TL;DR notes from articles I read today.
How to test serverless apps
- Most of what goes wrong in serverless architecture lie in the configuration of functions: event sources, timeouts, memory, IAM permissions, etc. With functions being stateless, the number of integration points also increases, so you need more integration tests than unit or end-to-end testing.
- The first stage of testing should be local tests, for which you can: run the Node.js function inside a wrapper. Invoke functions locally using tools such as Serverless framework or AWS SAM local. Use docker-lambda to simulate an AWS Lambda environment locally. Use local-stack to simulate AWS services locally. However, none of these simulate IAM permissions or API authentication.
- The second stage is unit tests. If you have a complex piece of business logic, you should encapsulate it into a module and test it as a unit.
- Use integration testing to test code against external services you depend on, such as DynamoDB or S3. Run these tests against real DynamoDB tables or S3 buckets, and not mocks and stubs. Keep the same assumptions as of the code.
- Once the local tests have checked your code, move to acceptance testing: whether functions have the right permissions, timeout settings, memory, API Gateway event sourcing, etc.
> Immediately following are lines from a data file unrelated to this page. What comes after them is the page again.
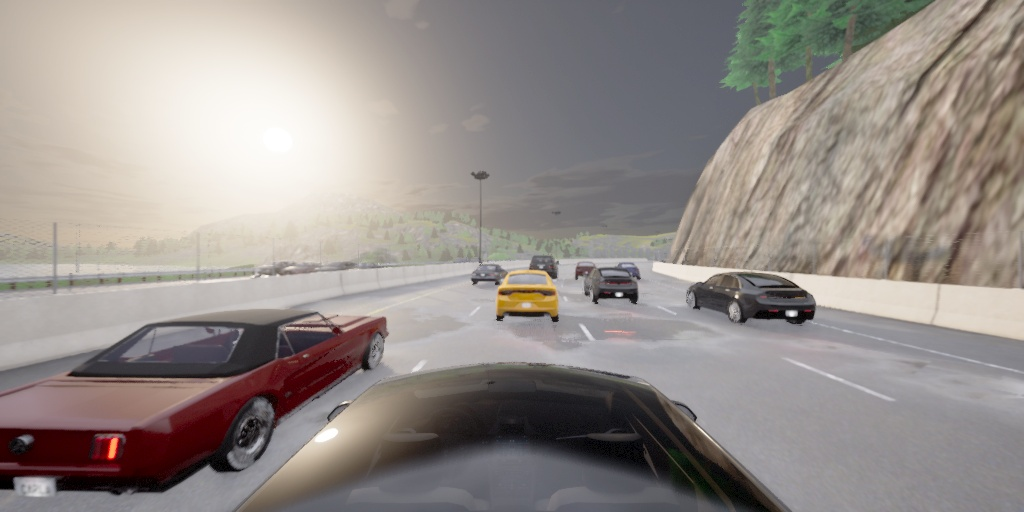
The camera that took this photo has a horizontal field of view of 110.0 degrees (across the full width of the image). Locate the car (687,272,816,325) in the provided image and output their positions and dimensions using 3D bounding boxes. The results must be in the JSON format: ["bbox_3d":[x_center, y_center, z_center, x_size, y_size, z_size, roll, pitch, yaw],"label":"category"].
[{"bbox_3d":[7.541,1.267,11.889,1.837,1.490,4.892,0,0,4],"label":"car"}]

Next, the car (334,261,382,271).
[{"bbox_3d":[-11.861,1.274,28.826,1.994,1.385,4.181,0,0,9],"label":"car"}]

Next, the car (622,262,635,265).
[{"bbox_3d":[10.117,1.284,31.705,1.812,1.442,4.674,0,0,11],"label":"car"}]

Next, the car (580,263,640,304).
[{"bbox_3d":[4.404,1.258,16.443,1.837,1.490,4.892,0,0,5],"label":"car"}]

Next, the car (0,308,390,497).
[{"bbox_3d":[-3.301,1.342,4.750,1.895,1.301,4.718,0,0,1],"label":"car"}]

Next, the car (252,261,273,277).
[{"bbox_3d":[-21.742,1.176,33.522,2.128,1.511,4.902,0,0,10],"label":"car"}]

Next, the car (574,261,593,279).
[{"bbox_3d":[6.685,1.228,32.391,1.882,1.535,5.008,0,0,11],"label":"car"}]

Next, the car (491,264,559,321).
[{"bbox_3d":[0.569,1.224,12.518,1.882,1.535,5.008,0,0,4],"label":"car"}]

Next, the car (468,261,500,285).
[{"bbox_3d":[-1.547,1.282,25.832,2.033,1.411,5.357,0,0,8],"label":"car"}]

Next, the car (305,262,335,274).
[{"bbox_3d":[-15.071,1.206,30.990,1.837,1.490,4.892,0,0,9],"label":"car"}]

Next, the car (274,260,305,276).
[{"bbox_3d":[-18.446,1.257,31.982,1.994,1.385,4.181,0,0,10],"label":"car"}]

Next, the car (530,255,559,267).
[{"bbox_3d":[2.697,0.964,30.173,2.150,2.045,5.566,0,0,10],"label":"car"}]
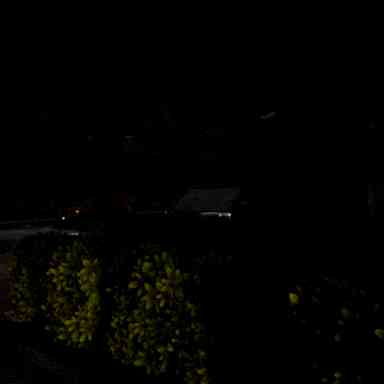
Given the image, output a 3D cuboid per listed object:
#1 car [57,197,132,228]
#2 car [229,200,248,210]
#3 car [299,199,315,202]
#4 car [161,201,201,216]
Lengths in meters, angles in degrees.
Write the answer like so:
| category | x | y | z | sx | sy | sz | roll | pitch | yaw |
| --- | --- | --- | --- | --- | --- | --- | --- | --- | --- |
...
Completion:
| category | x | y | z | sx | sy | sz | roll | pitch | yaw |
| --- | --- | --- | --- | --- | --- | --- | --- | --- | --- |
| car | -6.915 | 1.384 | 24.294 | 2.150 | 2.045 | 5.566 | 0 | 0 | 36 |
| car | 5.249 | 1.688 | 40.537 | 1.812 | 1.442 | 4.674 | 0 | 0 | 40 |
| car | 16.347 | 1.726 | 47.053 | 4.181 | 1.385 | 1.994 | 0 | 0 | -44 |
| car | -0.970 | 1.667 | 32.502 | 1.837 | 1.490 | 4.892 | 0 | 0 | 36 |
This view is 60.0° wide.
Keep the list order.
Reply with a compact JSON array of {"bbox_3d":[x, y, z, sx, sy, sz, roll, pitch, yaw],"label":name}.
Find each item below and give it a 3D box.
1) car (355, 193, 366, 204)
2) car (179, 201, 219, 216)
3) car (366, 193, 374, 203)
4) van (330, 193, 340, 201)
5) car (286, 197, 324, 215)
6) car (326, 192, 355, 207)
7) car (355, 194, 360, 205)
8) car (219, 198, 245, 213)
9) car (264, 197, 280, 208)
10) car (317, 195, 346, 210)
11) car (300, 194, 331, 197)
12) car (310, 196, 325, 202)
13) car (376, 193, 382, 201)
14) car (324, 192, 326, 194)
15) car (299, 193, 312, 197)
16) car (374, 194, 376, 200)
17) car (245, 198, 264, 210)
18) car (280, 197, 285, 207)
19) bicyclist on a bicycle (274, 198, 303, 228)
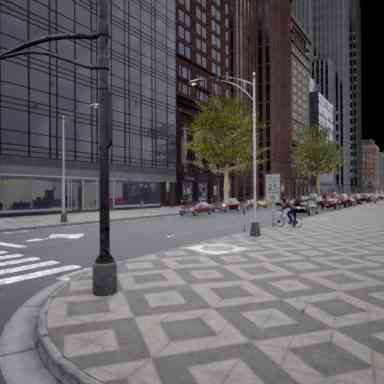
[{"bbox_3d":[26.684,1.118,54.733,2.192,1.841,5.009,0,0,35],"label":"car"},{"bbox_3d":[0.489,1.524,31.694,1.802,1.307,4.206,0,0,35],"label":"car"},{"bbox_3d":[33.077,1.100,64.024,2.192,1.841,5.009,0,0,35],"label":"car"},{"bbox_3d":[35.647,1.186,82.803,1.690,1.788,3.998,-1,0,35],"label":"van"},{"bbox_3d":[10.706,1.424,31.504,1.947,1.339,4.313,0,0,35],"label":"car"},{"bbox_3d":[20.293,1.137,45.442,2.192,1.841,5.009,0,0,35],"label":"car"},{"bbox_3d":[23.490,1.378,50.086,1.947,1.339,4.313,0,0,35],"label":"car"},{"bbox_3d":[3.684,1.367,36.340,1.967,1.590,4.097,0,0,35],"label":"car"},{"bbox_3d":[9.981,1.426,45.492,1.752,1.417,4.829,0,0,35],"label":"car"},{"bbox_3d":[17.097,1.377,40.796,1.887,1.381,4.507,0,0,35],"label":"car"},{"bbox_3d":[16.527,1.340,44.502,2.128,1.511,4.902,-1,0,35],"label":"car"},{"bbox_3d":[26.061,1.419,68.864,1.947,1.339,4.313,0,0,35],"label":"car"},{"bbox_3d":[42.665,1.359,77.959,1.802,1.307,4.206,-1,0,35],"label":"car"},{"bbox_3d":[22.214,1.052,52.768,2.150,2.045,5.566,-1,0,35],"label":"car"},{"bbox_3d":[19.667,1.416,59.571,1.887,1.381,4.507,0,0,35],"label":"car"},{"bbox_3d":[36.370,1.303,68.809,1.752,1.417,4.829,-1,0,35],"label":"car"},{"bbox_3d":[6.882,1.495,40.986,1.802,1.307,4.206,0,0,35],"label":"car"},{"bbox_3d":[13.274,1.456,50.279,1.947,1.339,4.313,0,0,35],"label":"car"},{"bbox_3d":[5.277,1.177,18.388,1.656,1.620,0.582,-1,0,35],"label":"bicyclist on a bicycle"}]

Do this after deploying.
- Finally, if your serverless application is used by a UI client directly or indirectly, make sure your changes are compatible with the client - you can have a QA team test this manually or use an automated test framework
- Once deployed, you should still use robust monitoring and error reporting tools for issues developing in production.
Full post here, 6 mins read
What is legacy code? Is it code without tests?
- The definition of legacy code as code without tests comes from Michael Feathers’ Working Effectively with Legacy Code.
- An alternative definition is valuable code that is difficult to change (you are afraid you might break existing behavior) because you struggle to understand it.
- You overestimate the complexity of unfamiliar code or code you don’t remember why you wrote. Sometimes it gets better after working with it a few months.
- Having tests is not enough, good tests make you confident about changing unfamiliar code but poor tests don’t.
- A recipe for legacy code is multiple people working on a codebase, over a long period, with conflicting requirements, under time pressure. This happens because knowledge is always imperfect and you take shortcuts to meet deadlines until every move introduces a bug and new features take ages to implement.
- Finally, ‘legacy code’ is a matter of personal perspective: it depends on your understanding of the code and your feelings about changing it.